Tattoos from the ancient Nubian regions have captivated archaeologists since the 1800s. For generations, scientists have studied these designs on mummies, but many details remained hidden, until now. New imaging techniques, capable of detecting wavelengths beyond the human eye, are finally revealing striking new information hidden within the tattoos.
In the PNAS study, researchers used multispectral imaging—a technique that captures images at multiple wavelengths across the electromagnetic spectrum— to examine human remains from three archaeological sites (Semna South, Kulubnarti, Qinifab School) in Sudan.
This new approach enabled researchers to examine tattoos at the microscopic level, allowing them to identify faded or previously hidden tattoos on darkened, aged, or even mummified skin. Using this method, they found tattoos on more than 27 individuals, including an 18-month-old child with clearly defined tattoo marks and an infant aged 7.5–10.5 months with possible tattooing.

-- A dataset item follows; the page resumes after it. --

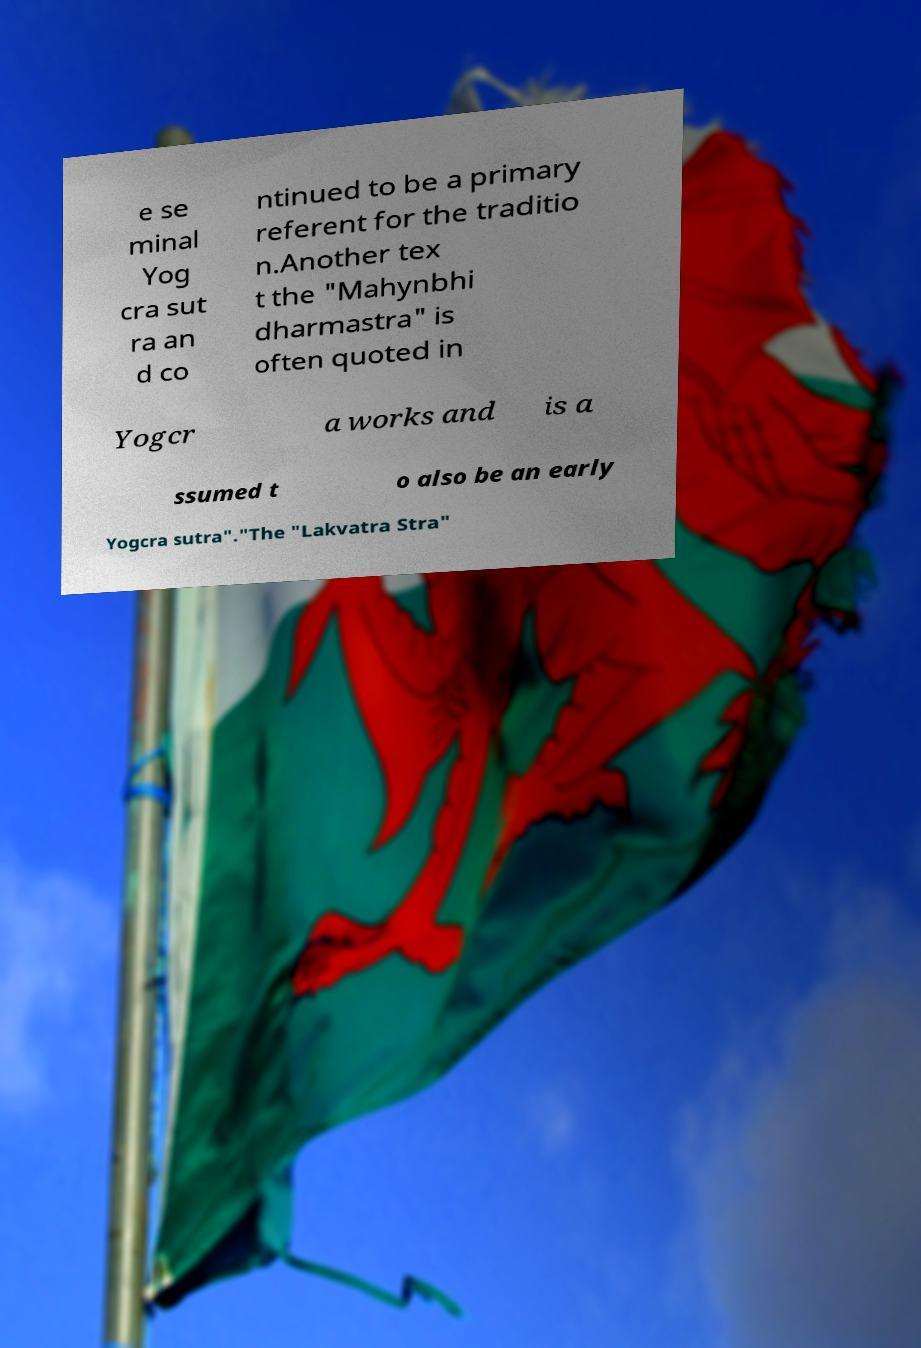Could you extract and type out the text from this image? e se minal Yog cra sut ra an d co ntinued to be a primary referent for the traditio n.Another tex t the "Mahynbhi dharmastra" is often quoted in Yogcr a works and is a ssumed t o also be an early Yogcra sutra"."The "Lakvatra Stra" 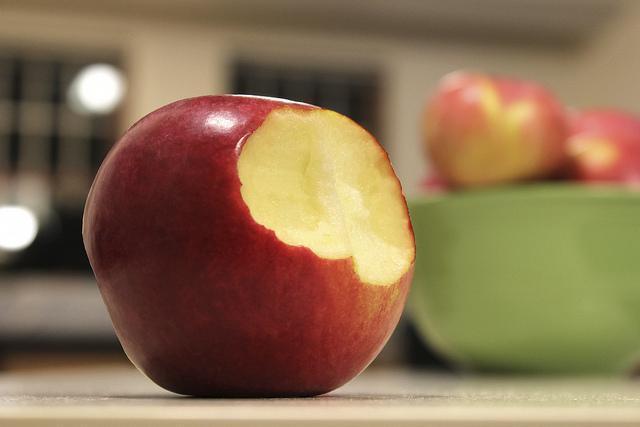How many apples are in the image?
Give a very brief answer. 4. How many bowls are in the picture?
Give a very brief answer. 1. How many apples can be seen?
Give a very brief answer. 2.

Reconstruction of tattooing on the forehead of a 3-year-old female (657–855 CE) from Kulubnarti. Credit: Mary Nguyen. 2025 UMSL
Influence of religion on tattoos
In the Nubian region, tattooing practices were primarily associated with women, with subtle designs commonly placed on the hands and forearms to remain discreet. The patterns often reflected elements of nature and ethnic identity and usually consisted of clusters of small dots, which scholars believe were created by repeatedly poking a single-pointed tool into the skin.
Around the 7th century CE, the spread of Christianity across the region brought about significant changes in cultural practices, including who received tattoos and how they were applied.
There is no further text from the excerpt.